Yet such tougher criteria seem unlikely in the face of widespread job vacancies that consistently remain unfilled. Ultimately, schools need teachers in the room.

One potential remedy for the labor shortage is to raise teacher salaries, which would also make education more attractive as a legitimate long-term career rather than a vocational steppingstone. We all want to pursue a higher calling, but we also need to eat.

Recently I overheard a local administrator say, “It’s hard to recruit teachers to come to Marin because it’s hard for teachers to live in Marin,” which aptly sums it up. Marin is in a unique position: schools do pay relatively well here, so our county has become a magnet for teachers across the state. But since not all California towns and municipalities are equally flush with funds, an across-the-board pay raise is about as likely as a radical schedule shift to accommodate lesson study.

But most of all, teaching has an image problem — the predicament of being misunderstood. Movies illustrate it perfectly. Here are just a few: Stand and Deliver (1988), Dead Poets Society (1989), Dangerous Minds (1995), Fast Times at Ridgemont High (1982), Ferris Bueller’s Day Off (1986), Dazed and Confused (1993), and more recently, The Great Debaters (2007), Fist Fight (2017), Coach Carter (2005), and Bad Teacher (2011). Teachers in these films are portrayed as either great or awful — inspiration or deadbeat, saint or slouch, hero or zero.

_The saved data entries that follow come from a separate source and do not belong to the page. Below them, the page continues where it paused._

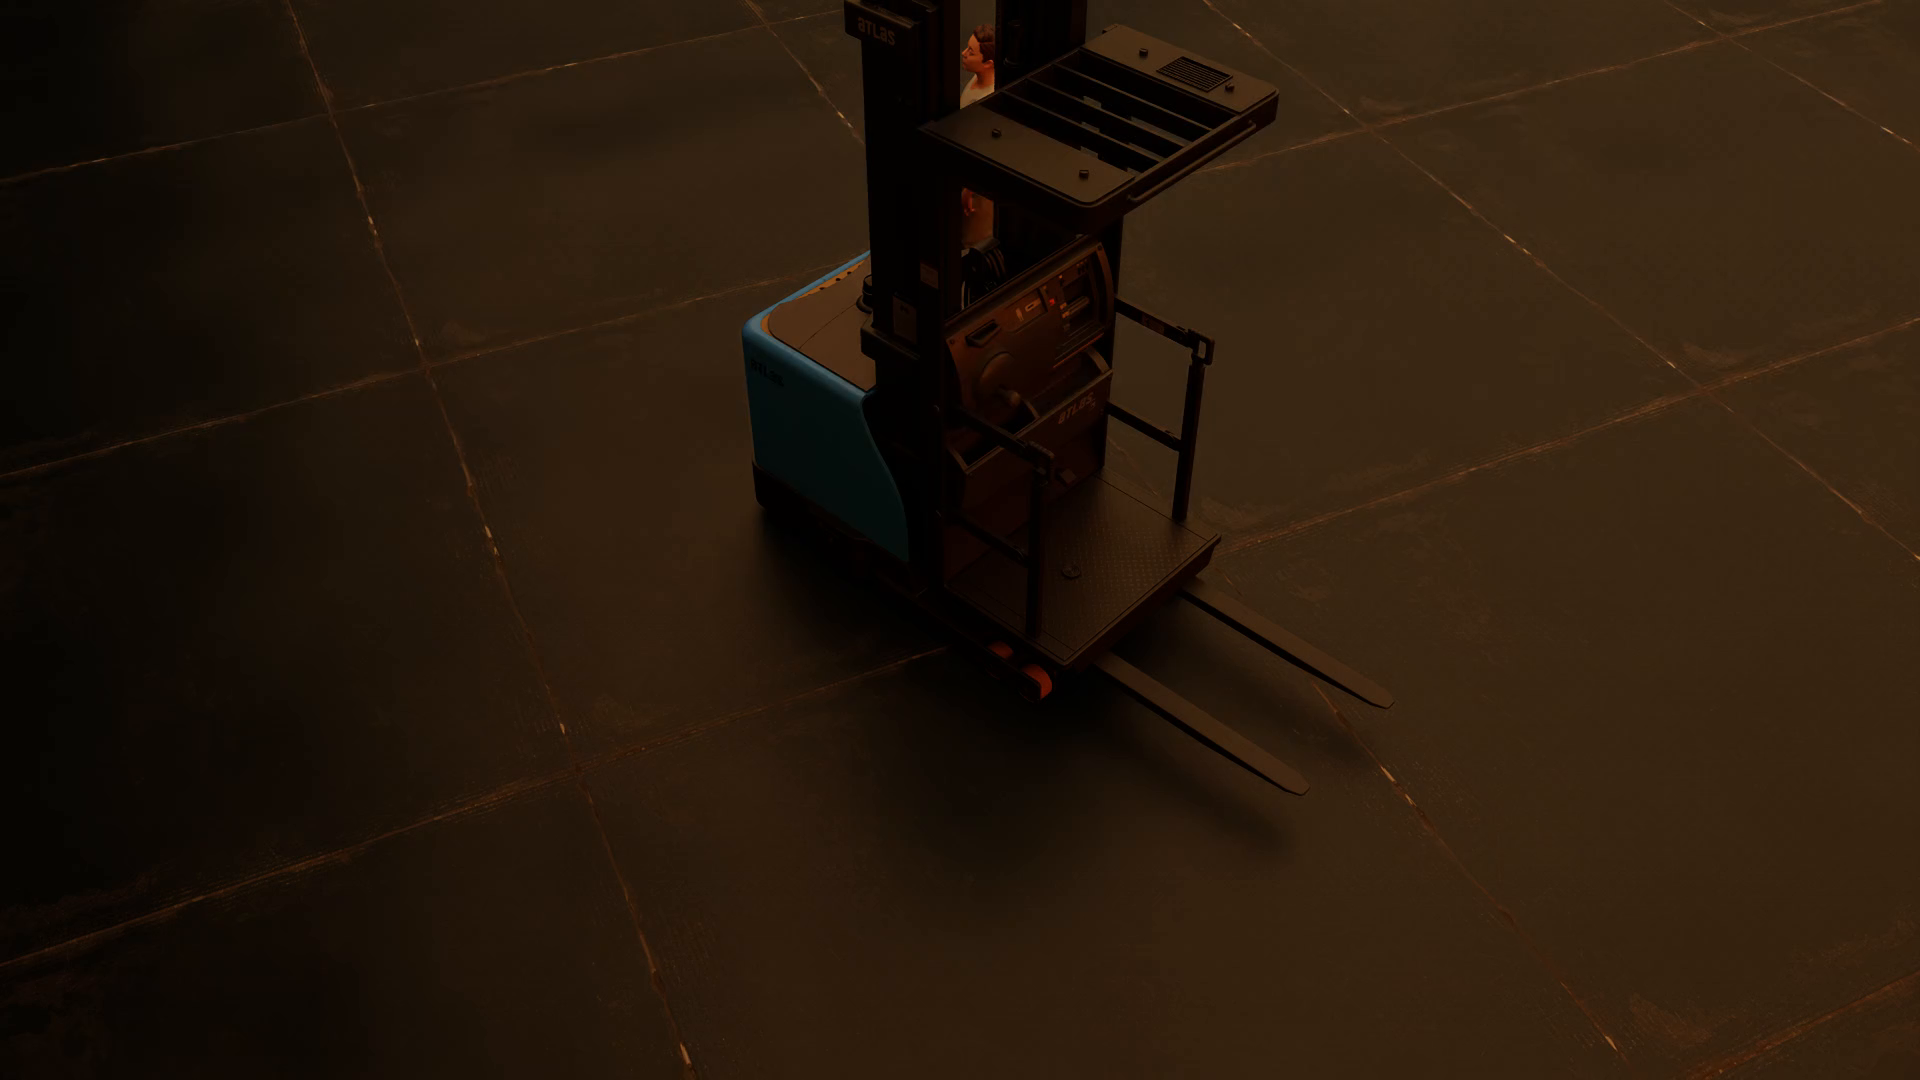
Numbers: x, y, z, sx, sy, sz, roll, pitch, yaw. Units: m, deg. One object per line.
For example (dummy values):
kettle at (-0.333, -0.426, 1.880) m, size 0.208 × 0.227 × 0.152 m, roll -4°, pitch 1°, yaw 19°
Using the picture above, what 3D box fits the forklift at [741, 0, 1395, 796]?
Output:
forklift at (0.445, -0.788, 6.525) m, size 3.031 × 2.935 × 1.130 m, roll 32°, pitch 52°, yaw 30°

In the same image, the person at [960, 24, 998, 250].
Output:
person at (0.020, -1.907, 8.634) m, size 0.548 × 1.672 × 0.551 m, roll 2°, pitch 43°, yaw 2°
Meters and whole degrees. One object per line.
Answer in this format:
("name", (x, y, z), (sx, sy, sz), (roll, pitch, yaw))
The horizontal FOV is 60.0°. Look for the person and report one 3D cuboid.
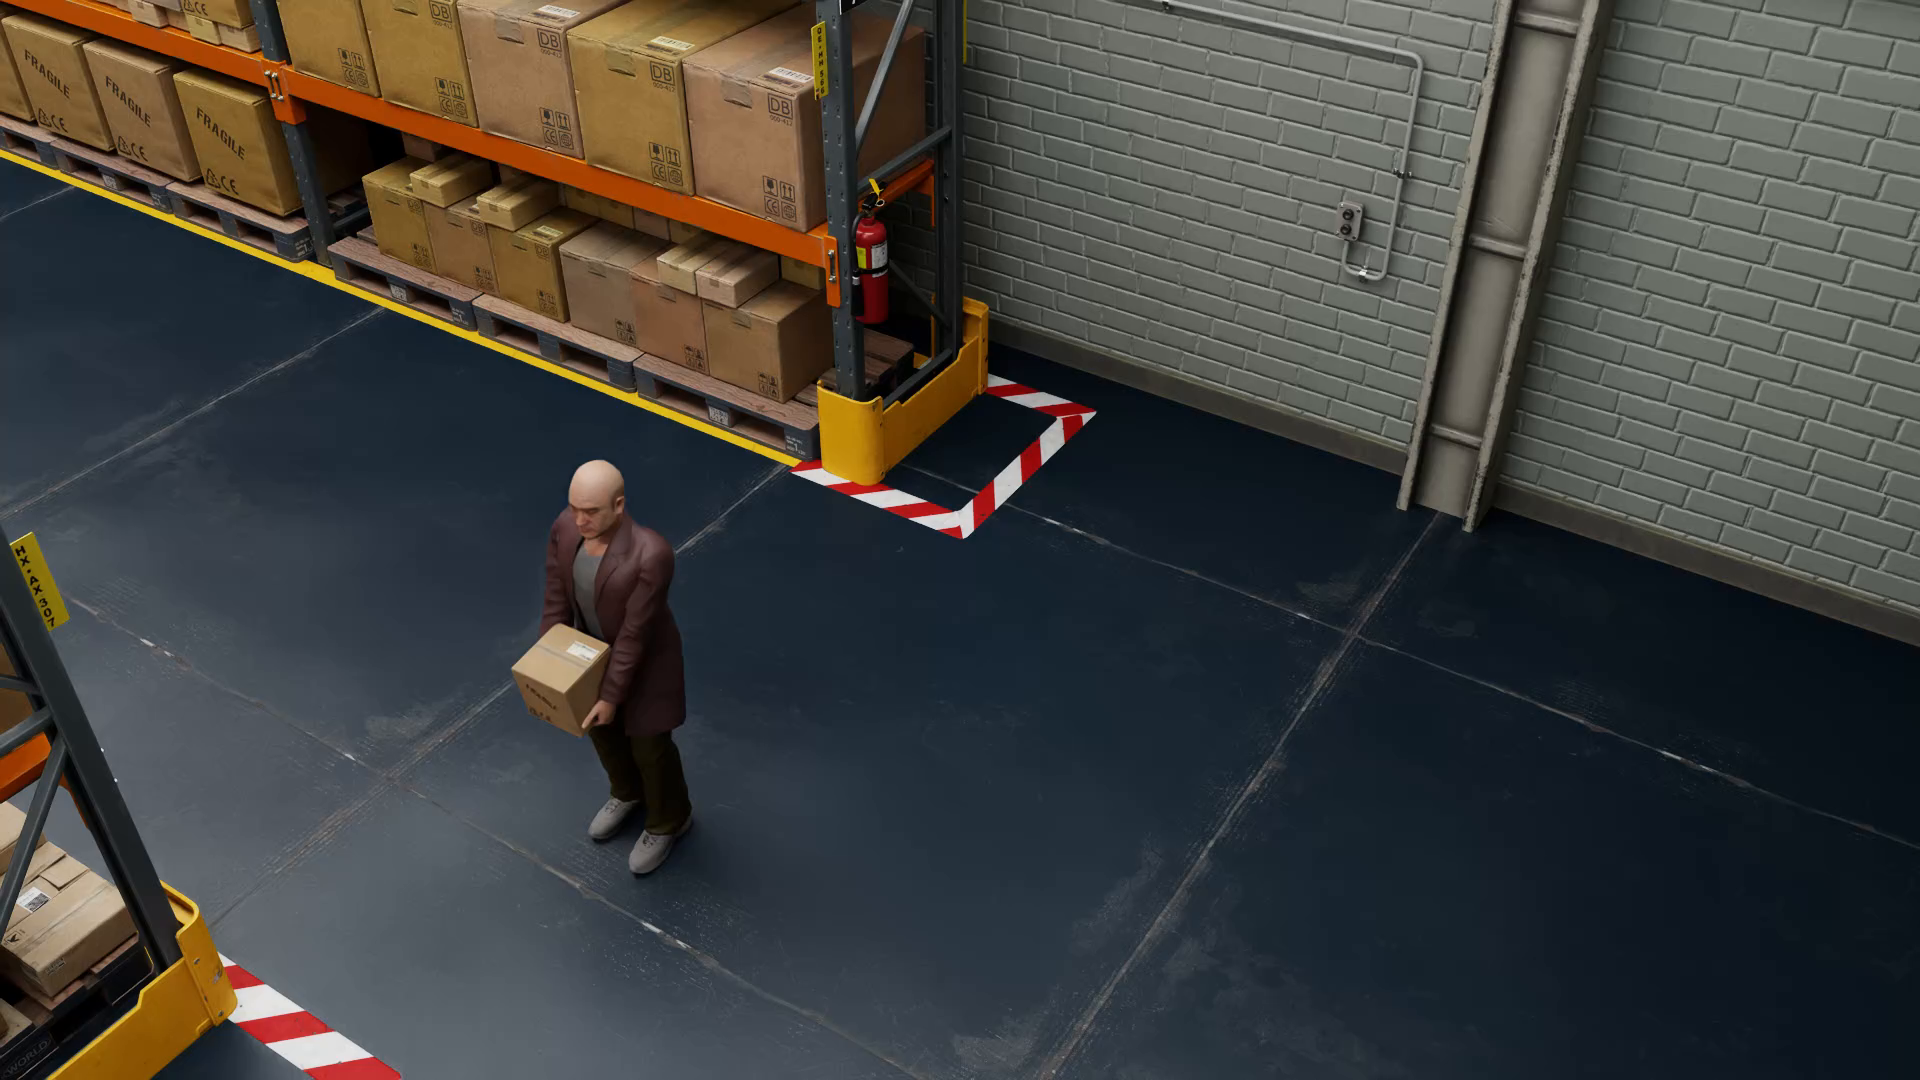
("person", (-1.280, 0.487, 6.072), (0.528, 1.779, 0.569), (21, 42, 24))

Marin County has more than 100 schools employing thousands of teachers. It’s safe to bet a preponderance of them fit neatly within none of those polarities, yet for some reason, our collective understanding hasn’t quite grasped that. Rather than typecasting teachers into either/or, we would all benefit from seeing them for who they are: human beings who educate the children of this county so it continues to be the inspirational, progressive, freethinking place we hold dear.

This premise is at the heart of my book, which began as a lonely debate with my car radio and yielded some ideas for solutions and positive change. I hope as parents and educators we’re able to look beyond movies and headlines and into the actual classrooms where Marin’s teachers are hard at work. With a few systemic shifts, some subtle and some large, our local schools can continue to improve, along with prospects for the well-being and future of our kids.